SOURCE MATERIAL:

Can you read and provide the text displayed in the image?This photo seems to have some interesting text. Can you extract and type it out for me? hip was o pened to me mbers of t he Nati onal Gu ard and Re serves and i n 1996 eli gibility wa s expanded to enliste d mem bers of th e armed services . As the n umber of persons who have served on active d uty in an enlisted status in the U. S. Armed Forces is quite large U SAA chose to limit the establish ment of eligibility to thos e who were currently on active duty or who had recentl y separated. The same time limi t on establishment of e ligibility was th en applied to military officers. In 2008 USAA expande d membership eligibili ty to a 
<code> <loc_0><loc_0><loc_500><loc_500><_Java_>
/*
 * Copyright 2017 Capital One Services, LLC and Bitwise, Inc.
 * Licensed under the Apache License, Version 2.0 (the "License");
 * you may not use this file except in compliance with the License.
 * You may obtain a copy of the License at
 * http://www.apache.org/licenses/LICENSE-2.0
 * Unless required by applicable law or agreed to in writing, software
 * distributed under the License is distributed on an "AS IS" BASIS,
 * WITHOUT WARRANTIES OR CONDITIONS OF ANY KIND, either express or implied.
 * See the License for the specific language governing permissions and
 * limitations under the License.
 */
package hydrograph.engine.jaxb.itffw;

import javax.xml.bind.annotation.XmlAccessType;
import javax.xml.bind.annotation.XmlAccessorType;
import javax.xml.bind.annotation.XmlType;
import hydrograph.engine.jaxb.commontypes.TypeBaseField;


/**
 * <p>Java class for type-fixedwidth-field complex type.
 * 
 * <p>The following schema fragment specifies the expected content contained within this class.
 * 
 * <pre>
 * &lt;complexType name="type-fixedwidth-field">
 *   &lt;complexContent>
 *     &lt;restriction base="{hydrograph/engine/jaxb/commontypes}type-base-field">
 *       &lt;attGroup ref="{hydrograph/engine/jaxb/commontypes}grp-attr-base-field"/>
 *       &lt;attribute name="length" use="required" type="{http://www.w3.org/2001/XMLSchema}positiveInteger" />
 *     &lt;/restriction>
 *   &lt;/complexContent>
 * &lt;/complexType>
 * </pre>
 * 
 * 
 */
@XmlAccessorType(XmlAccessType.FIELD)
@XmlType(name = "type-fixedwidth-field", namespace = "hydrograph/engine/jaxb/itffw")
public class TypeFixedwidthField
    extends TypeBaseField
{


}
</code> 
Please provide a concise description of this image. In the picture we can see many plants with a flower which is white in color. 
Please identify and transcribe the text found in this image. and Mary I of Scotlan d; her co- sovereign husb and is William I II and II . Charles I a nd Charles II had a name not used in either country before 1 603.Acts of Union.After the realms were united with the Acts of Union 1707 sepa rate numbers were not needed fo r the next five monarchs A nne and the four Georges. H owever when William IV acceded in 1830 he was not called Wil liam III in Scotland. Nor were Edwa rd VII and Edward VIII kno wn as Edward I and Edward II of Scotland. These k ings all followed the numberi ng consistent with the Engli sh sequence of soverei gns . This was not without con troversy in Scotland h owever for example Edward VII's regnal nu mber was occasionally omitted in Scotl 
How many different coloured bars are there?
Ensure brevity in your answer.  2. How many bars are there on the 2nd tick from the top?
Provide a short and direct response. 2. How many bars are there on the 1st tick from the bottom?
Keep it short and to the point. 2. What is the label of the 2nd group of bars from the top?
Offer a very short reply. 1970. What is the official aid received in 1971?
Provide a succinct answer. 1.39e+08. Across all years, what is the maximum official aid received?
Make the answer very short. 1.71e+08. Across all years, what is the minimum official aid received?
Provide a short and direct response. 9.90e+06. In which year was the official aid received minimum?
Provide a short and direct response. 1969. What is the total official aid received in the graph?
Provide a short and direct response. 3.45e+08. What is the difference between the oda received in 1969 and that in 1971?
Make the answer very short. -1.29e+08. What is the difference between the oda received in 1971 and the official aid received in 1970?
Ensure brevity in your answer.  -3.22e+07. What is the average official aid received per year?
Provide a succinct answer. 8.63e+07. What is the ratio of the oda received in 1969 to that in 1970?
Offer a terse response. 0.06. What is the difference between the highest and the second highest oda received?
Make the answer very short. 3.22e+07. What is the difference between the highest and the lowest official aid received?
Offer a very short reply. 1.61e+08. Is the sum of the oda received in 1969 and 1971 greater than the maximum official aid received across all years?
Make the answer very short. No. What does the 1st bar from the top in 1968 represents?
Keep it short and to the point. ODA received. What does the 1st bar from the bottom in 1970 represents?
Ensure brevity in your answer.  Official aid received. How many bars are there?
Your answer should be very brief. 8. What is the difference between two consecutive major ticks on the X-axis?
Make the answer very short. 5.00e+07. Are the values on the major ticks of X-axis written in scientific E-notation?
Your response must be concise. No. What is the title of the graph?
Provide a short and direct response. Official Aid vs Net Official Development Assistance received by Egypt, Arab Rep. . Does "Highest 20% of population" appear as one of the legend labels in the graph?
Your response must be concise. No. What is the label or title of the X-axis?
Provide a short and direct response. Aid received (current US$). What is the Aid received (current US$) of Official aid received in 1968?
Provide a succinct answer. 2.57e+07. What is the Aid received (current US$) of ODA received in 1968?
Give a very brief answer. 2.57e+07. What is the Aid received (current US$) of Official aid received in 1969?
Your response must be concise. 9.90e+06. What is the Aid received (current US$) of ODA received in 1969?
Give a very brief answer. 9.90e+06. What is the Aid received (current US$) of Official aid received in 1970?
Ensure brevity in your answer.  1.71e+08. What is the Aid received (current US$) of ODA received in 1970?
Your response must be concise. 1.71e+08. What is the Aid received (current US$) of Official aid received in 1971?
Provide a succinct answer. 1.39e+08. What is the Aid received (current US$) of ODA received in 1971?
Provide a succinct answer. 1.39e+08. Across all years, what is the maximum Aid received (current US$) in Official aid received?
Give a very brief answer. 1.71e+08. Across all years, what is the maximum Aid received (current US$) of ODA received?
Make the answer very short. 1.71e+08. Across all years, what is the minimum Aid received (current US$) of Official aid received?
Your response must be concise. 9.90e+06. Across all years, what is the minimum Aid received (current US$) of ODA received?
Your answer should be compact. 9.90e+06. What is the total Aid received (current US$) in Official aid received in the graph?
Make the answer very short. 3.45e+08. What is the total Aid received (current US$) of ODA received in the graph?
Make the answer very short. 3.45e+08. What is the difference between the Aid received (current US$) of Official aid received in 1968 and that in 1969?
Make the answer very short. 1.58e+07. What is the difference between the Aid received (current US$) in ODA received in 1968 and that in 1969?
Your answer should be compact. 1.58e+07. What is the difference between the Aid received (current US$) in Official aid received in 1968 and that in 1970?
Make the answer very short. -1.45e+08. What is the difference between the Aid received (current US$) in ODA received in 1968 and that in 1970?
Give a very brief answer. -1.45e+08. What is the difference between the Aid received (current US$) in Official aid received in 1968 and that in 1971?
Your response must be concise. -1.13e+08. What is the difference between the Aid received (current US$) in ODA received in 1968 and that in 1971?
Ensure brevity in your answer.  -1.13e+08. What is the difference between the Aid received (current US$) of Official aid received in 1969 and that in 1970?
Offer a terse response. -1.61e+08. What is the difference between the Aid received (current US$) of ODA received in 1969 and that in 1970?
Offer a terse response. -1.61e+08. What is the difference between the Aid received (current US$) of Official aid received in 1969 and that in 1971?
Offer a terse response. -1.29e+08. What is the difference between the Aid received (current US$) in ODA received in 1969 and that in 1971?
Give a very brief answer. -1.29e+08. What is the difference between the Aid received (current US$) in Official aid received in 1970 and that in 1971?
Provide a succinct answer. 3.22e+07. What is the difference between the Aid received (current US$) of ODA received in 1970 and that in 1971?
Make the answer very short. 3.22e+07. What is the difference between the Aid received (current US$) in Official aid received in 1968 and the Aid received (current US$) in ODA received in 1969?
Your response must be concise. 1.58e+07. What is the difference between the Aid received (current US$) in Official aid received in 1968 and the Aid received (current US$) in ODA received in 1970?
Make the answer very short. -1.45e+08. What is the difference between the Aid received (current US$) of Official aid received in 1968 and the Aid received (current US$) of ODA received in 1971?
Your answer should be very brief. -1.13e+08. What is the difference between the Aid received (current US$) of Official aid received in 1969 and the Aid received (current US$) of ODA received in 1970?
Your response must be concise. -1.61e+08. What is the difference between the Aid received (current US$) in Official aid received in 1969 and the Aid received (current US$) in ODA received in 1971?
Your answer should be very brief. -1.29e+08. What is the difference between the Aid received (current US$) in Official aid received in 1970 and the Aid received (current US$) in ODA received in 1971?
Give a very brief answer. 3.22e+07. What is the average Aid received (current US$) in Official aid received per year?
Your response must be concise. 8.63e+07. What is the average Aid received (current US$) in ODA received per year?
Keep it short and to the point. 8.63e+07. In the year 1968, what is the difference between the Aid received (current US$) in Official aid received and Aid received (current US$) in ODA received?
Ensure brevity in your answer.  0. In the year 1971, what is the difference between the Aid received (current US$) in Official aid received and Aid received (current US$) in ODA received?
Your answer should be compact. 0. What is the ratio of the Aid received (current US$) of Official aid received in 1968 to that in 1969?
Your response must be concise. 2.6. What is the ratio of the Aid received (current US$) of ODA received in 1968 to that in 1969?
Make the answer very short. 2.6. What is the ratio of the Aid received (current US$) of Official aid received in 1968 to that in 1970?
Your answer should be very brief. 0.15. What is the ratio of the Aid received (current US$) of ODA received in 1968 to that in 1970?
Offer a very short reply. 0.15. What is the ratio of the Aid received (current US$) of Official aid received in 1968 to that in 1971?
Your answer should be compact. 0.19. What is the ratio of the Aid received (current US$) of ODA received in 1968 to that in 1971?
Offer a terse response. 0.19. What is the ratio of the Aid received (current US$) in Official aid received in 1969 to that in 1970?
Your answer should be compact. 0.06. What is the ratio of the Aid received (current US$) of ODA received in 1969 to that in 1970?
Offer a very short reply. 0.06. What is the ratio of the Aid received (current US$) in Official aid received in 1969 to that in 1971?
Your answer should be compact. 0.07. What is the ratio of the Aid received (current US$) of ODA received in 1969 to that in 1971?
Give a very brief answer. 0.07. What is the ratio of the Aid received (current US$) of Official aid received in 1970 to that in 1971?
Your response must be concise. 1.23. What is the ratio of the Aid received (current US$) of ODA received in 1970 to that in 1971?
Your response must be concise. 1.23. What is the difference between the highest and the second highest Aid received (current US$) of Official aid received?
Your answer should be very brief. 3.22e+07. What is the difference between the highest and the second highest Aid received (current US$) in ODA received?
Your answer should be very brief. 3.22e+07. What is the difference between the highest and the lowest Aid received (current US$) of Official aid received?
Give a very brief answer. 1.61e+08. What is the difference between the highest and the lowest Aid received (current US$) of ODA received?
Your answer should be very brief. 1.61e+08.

WORK ORDER:
Of all the entries above, output exactly the lines between the one holding "Make the answer very short. 2.6." and the one holding "Offer a terse response. 0.19.", inclusive.

EXERCISE RESPONSE:
Make the answer very short. 2.6. What is the ratio of the Aid received (current US$) of Official aid received in 1968 to that in 1970?
Your answer should be very brief. 0.15. What is the ratio of the Aid received (current US$) of ODA received in 1968 to that in 1970?
Offer a very short reply. 0.15. What is the ratio of the Aid received (current US$) of Official aid received in 1968 to that in 1971?
Your answer should be compact. 0.19. What is the ratio of the Aid received (current US$) of ODA received in 1968 to that in 1971?
Offer a terse response. 0.19. What is the ratio of the Aid received (current US$) in Official aid received in 1969 to that in 1970?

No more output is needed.